The committee considered multiple consent and small-business-obligation (SBO) items related to grants and program funding.
Skyler Brown described a pass-through grant from the Association of Washington Cities and Commerce for $272,292 to cover required energy audits for city facilities; the grant covers 100% of audit costs though the full contract includes administrative fees. Brown said incentives available after the audit could recover substantial additional funds and that net city cost could be low after incentive programs.
Staff also proposed reallocating remaining ARPA funds to cover administrative costs associated with ARPA program delivery. The administration said the grants analyst and accounting staff who have run the ARPA program have been underfunded for administration expenses and suggested moving approximately $220,000 of leftover ARPA to administration to cover average annual admin costs and avoid future budget gaps.
Jason Oconoske discussed apprenticeship-program penalty funds totaling roughly $100,000 identified as available for pre-apprenticeship grants.

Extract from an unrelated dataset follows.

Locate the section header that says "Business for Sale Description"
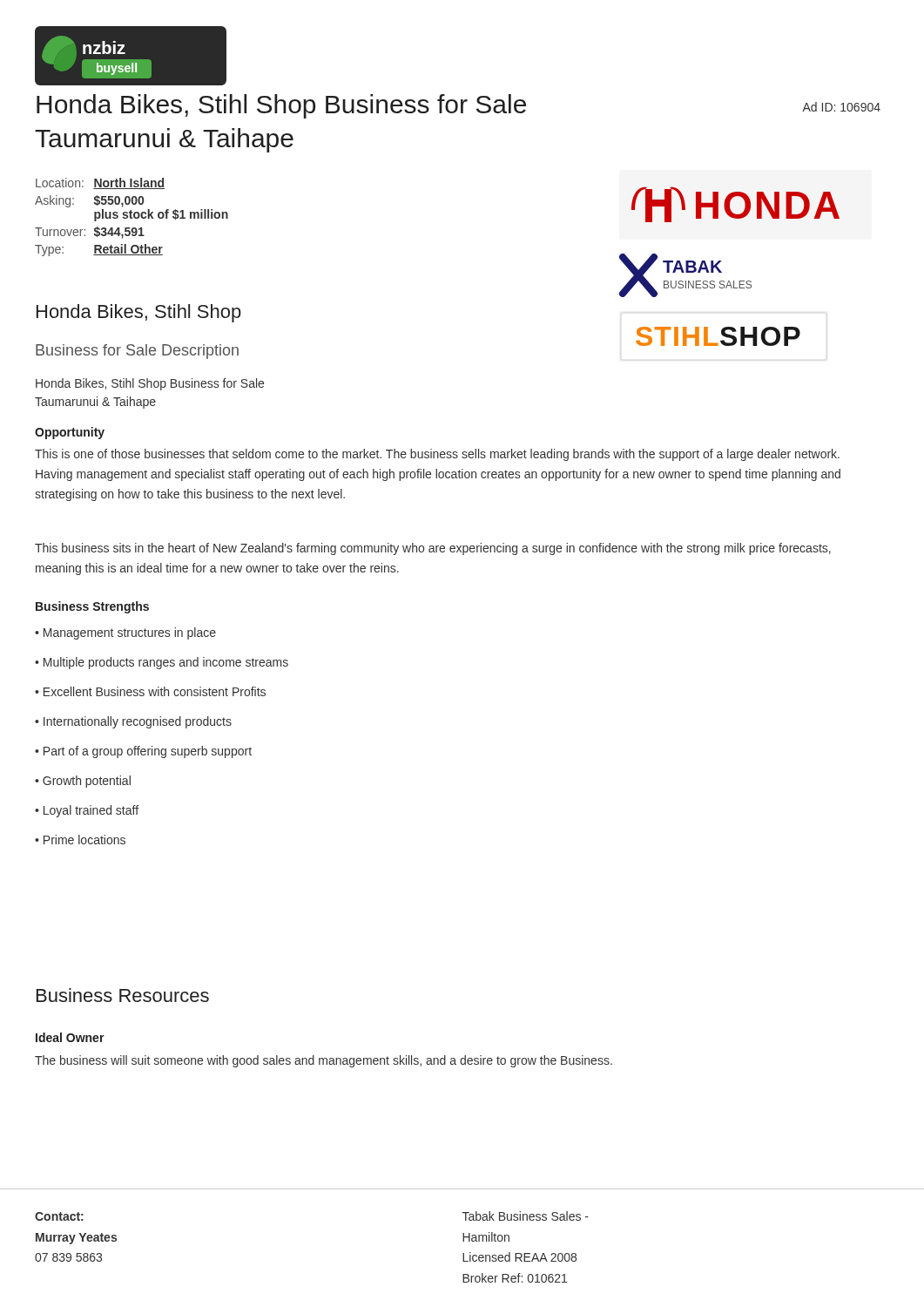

Staff proposed increasing the per-entity cap from $2,500 to $10,000 to support more robust pre-apprenticeship programming and to require evidence of program impact.
Council members asked questions about administration costs, incentive recoveries, and the scope of allowable ARPA administrative uses. Staff said legal review concluded the reallocation is allowable and currently administrative allocations to the city would remain small (about 1% of total ARPA remaining in the city's administration). No votes were taken in committee.